----- EXTRACTED ENTRIES -----

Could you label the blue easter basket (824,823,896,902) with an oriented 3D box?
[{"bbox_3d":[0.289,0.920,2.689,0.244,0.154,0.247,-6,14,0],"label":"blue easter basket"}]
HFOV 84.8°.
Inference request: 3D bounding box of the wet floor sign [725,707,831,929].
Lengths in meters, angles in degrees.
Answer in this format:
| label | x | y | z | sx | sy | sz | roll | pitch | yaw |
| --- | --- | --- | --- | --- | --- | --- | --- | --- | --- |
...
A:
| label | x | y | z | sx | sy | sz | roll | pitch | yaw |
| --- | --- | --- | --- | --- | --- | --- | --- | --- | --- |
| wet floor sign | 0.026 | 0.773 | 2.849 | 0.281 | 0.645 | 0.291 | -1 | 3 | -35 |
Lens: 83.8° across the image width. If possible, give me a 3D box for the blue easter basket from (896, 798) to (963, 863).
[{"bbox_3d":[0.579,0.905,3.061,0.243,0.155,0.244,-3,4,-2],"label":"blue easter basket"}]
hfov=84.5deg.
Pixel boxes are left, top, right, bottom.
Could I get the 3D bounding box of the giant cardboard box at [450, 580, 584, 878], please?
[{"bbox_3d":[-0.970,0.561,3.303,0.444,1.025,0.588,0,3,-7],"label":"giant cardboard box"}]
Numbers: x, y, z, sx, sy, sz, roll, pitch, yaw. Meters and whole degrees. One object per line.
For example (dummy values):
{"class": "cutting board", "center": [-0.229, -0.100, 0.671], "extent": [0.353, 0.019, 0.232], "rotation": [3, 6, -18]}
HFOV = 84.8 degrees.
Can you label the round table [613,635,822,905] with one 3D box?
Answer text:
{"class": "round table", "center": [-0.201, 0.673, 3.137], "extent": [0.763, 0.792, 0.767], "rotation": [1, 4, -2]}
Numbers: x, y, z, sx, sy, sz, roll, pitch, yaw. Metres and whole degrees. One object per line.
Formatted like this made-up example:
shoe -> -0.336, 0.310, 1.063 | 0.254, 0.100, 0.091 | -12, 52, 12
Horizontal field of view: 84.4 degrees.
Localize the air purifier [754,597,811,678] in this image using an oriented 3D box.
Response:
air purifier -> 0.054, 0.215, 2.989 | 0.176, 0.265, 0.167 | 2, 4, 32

-----

▸ TASK DETAILS
Using the entries above, repeat only the lines from the one containing "For example (dummy" through the one containing "Can you label", end lines included.

▸ COMPLETED EXERCISE
For example (dummy values):
{"class": "cutting board", "center": [-0.229, -0.100, 0.671], "extent": [0.353, 0.019, 0.232], "rotation": [3, 6, -18]}
HFOV = 84.8 degrees.
Can you label the round table [613,635,822,905] with one 3D box?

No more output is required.